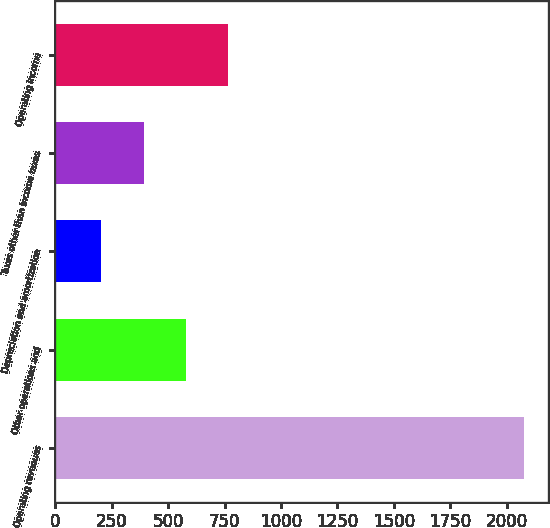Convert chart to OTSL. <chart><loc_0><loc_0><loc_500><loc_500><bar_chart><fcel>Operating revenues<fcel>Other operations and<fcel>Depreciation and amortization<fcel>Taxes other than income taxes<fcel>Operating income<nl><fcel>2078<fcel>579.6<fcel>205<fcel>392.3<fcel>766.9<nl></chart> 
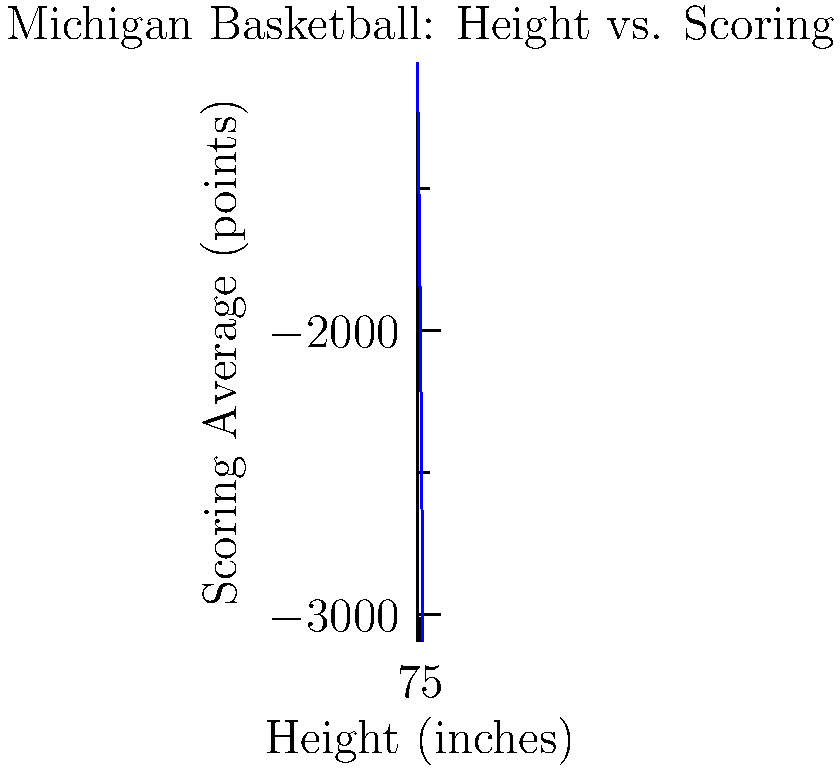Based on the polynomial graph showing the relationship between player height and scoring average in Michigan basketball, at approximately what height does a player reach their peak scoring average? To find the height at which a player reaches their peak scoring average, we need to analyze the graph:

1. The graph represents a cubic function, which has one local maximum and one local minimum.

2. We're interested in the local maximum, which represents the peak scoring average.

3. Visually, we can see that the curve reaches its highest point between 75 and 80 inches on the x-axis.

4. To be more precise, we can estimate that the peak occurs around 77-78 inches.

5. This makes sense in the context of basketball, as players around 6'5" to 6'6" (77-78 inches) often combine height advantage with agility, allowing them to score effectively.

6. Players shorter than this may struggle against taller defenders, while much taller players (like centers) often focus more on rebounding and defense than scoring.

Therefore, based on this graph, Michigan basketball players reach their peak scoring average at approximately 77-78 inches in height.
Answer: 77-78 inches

-*-

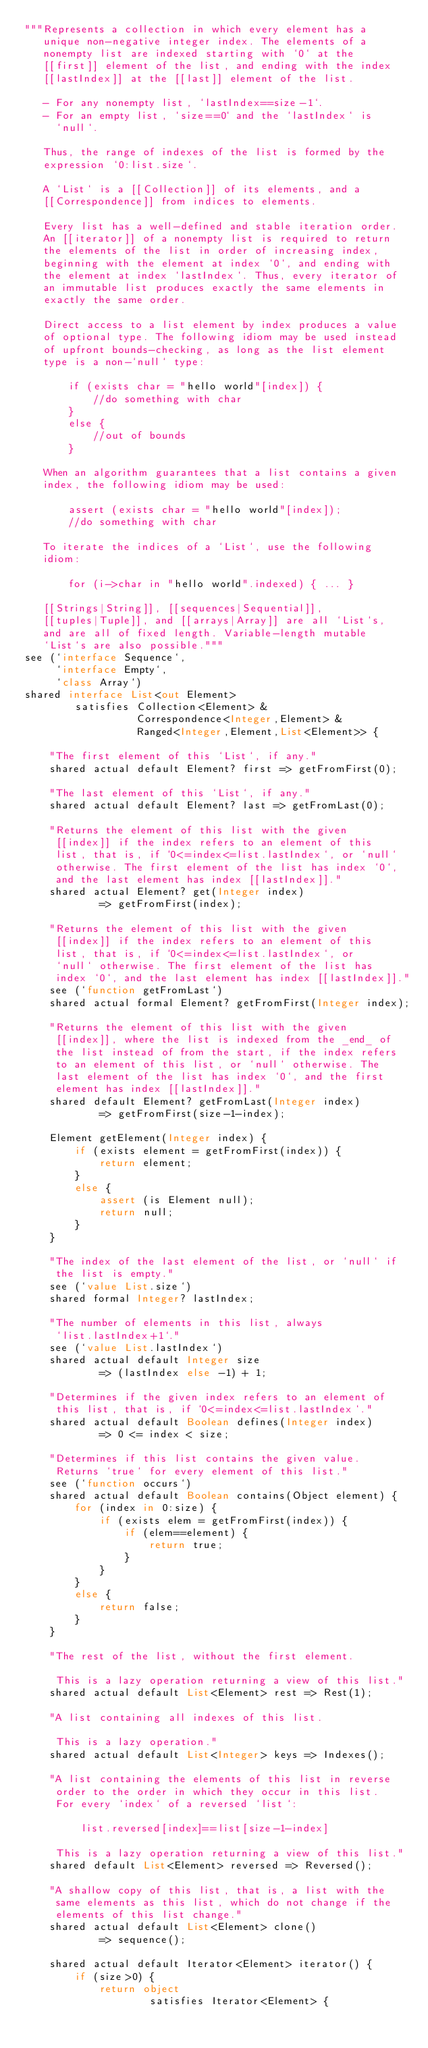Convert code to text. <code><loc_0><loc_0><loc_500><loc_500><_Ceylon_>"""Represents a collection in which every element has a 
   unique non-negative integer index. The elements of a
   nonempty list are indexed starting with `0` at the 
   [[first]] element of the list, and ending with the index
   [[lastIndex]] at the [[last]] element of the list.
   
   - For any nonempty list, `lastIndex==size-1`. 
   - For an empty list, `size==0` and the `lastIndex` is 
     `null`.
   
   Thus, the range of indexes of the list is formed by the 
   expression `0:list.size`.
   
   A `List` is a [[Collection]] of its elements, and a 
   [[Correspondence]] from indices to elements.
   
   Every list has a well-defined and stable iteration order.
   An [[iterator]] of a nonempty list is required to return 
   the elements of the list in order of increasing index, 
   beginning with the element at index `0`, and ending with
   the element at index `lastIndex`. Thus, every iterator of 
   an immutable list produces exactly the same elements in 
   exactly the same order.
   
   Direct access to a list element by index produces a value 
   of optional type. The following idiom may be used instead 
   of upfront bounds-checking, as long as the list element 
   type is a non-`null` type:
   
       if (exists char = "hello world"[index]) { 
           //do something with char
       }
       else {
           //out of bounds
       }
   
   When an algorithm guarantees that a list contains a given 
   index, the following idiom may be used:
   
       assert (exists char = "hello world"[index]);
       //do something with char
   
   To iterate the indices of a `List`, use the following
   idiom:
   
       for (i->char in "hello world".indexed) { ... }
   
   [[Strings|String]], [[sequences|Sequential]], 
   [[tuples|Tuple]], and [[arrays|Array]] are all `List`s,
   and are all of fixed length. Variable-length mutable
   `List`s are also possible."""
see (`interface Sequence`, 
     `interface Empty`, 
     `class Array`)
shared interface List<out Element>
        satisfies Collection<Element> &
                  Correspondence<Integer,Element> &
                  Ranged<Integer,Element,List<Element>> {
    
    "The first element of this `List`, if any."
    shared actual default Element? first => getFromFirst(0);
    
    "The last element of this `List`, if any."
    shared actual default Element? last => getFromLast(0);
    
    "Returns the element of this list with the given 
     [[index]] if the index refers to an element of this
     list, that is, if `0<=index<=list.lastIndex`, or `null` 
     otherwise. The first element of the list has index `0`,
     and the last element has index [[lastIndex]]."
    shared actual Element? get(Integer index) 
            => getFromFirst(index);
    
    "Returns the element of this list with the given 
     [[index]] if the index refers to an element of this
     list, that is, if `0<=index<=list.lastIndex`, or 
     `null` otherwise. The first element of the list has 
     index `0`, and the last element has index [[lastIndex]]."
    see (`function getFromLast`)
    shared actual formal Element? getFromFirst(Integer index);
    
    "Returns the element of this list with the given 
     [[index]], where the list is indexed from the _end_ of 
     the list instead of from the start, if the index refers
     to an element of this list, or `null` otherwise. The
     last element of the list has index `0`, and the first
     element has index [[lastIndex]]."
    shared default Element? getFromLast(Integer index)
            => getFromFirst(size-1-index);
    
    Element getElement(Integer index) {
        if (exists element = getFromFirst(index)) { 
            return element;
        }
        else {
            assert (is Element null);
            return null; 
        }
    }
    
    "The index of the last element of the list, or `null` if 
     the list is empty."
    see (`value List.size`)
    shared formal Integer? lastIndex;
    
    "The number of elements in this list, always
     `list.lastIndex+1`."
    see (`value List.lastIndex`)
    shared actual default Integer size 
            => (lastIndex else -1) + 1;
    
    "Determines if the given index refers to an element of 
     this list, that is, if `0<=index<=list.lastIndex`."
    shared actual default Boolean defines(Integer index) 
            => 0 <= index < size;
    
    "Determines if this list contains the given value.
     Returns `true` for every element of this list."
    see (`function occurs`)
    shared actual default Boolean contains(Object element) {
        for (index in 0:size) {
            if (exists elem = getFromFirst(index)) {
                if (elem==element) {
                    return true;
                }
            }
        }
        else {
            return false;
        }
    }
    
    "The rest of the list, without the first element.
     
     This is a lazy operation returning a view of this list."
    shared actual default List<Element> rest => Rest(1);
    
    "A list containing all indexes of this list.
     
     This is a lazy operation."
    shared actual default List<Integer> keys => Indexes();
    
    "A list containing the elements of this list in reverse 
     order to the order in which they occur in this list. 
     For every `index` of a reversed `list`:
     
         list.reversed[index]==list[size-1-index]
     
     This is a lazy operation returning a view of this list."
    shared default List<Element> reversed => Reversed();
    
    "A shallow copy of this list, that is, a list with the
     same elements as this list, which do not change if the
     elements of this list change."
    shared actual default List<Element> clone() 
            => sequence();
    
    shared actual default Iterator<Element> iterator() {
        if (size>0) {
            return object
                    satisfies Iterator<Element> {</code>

-*-

### PROBLEM DESCRIPTION
Show all lines in the preceding material that have "often" in them.

### ANSWER AREA
5. This makes sense in the context of basketball, as players around 6'5" to 6'6" (77-78 inches) often combine height advantage with agility, allowing them to score effectively.
6. Players shorter than this may struggle against taller defenders, while much taller players (like centers) often focus more on rebounding and defense than scoring.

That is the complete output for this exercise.